Genomics is the systematic study of an organism’s entire genome . The human genome is made up of DNA (deoxyribonucleic acid) comprising approximately 3 billion base pairs of four chemical structures (adenine, guanine, cytosine, and thymine), also called nucleotides. DNA contains genetic information required to build and maintain cells. A gene denotes a specific unit of DNA that hold information to make a specific functional unit named protein. It is estimated that the entire human genome contains approximately 21,500 genes. The order of the nucleotides reveals the meaning of the information encoded in DNA. Emergence of high-throughput sequencing technologies, such as next-generation sequencing, enables analysis of variations between individuals at the genomics level.

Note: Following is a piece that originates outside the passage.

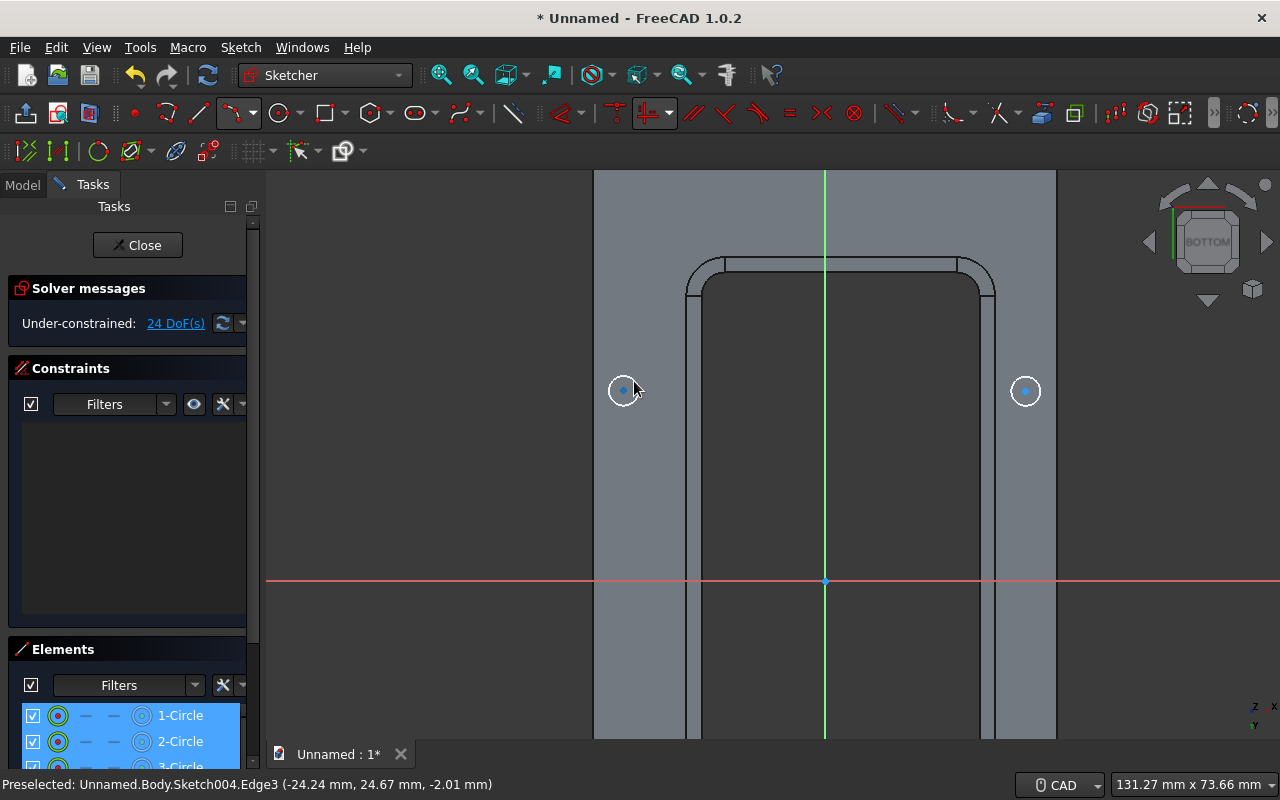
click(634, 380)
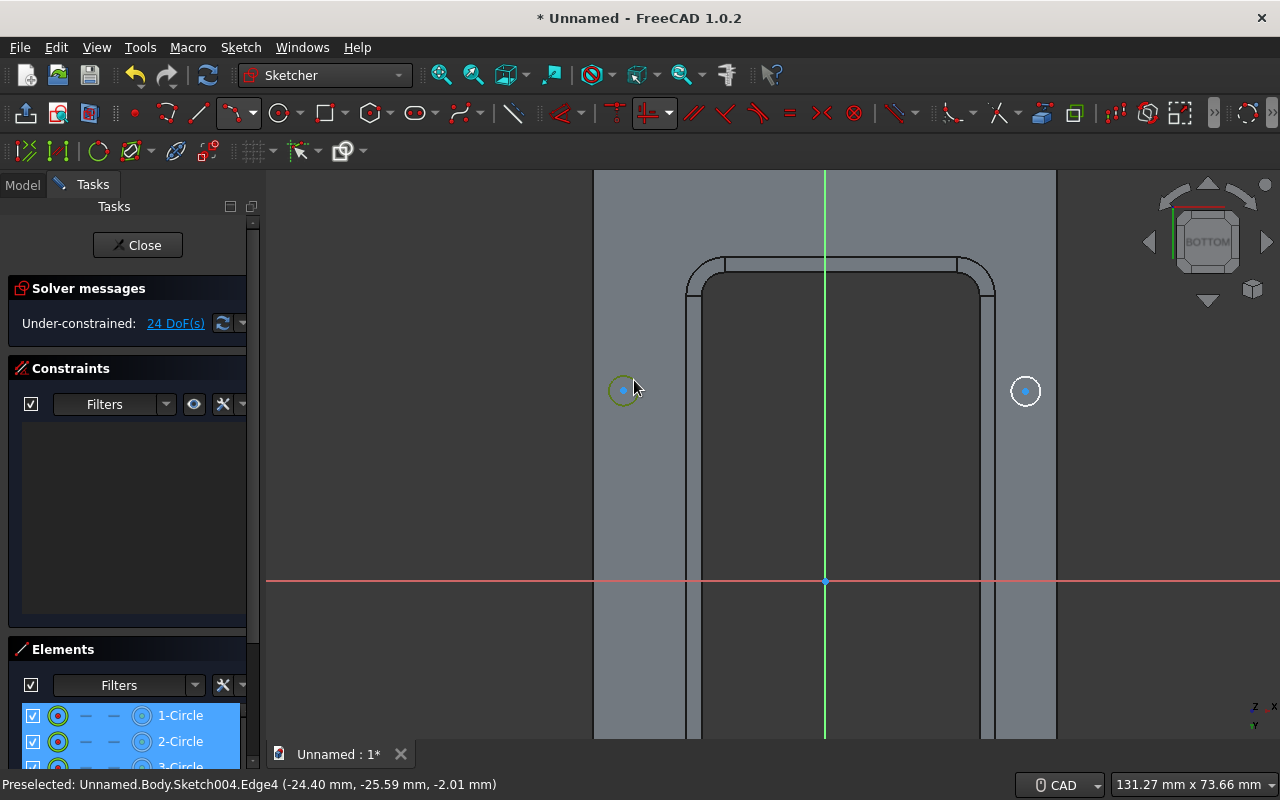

Transcriptomics is the study of transcriptome that comprises the entire collection of RNA (ribonucleic acid) sequences, called transcripts, in a cell. It is estimated that a human cell contains about 25,000 transcripts. RNAs are classified into two groups: (1) mRNA is the coding RNA that is translated into protein sequences. (2) Non-coding RNAs are also classified into two subgroups; short non-coding RNAs such as microRNA (miRNA) and long non-coding RNAs (lncRNA). Non-coding RNAs are involved in gene regulation. Next-generation RNA sequencing technologies allow deeply understanding of variations and gene expression on various types of RNA molecules including miRNA, mRNA, and lncRNA .
Proteomics is the study of proteome, which is defined as the set of all expressed proteins and interacting protein family networks, and biochemical pathways in a cell, tissue, or organism. Although, the exact number of proteins/peptides is still unclear, it is estimated to be around a few hundred thousand.
Metabolomics is the study of metabolome within cells, biofluids, tissues, or organisms. Metabolome can be defined as the small molecules and their interactions within a biological system under a given genetic, nutritional, and environmental condition. Since the metabolome is the final downstream product, changes and interactions between gene expression, protein expression, and the environment are directly reflected in metabolome making it more physically and chemically complex than the other “omes.” The metabolome is the closest to the phenotype among other omics approaches. Metabolomics best modulates and represents the molecular phenotype of health and disease . In this regard, metabolomics is a brilliant source for disease-associated biomarkers. Mass spectrometry-based metabolomics/lipidomics provides a useful approach for both identification of disease-related metabolites in biofluids or tissue, and also encompasses classification and/or characterization of disease- or treatment-associated molecular patterns generated from metabolites [8, 9]. Metabolomics analysis identifies different metabotypes of disease severity and makes successful clinical and molecular phenotyping and patient stratification.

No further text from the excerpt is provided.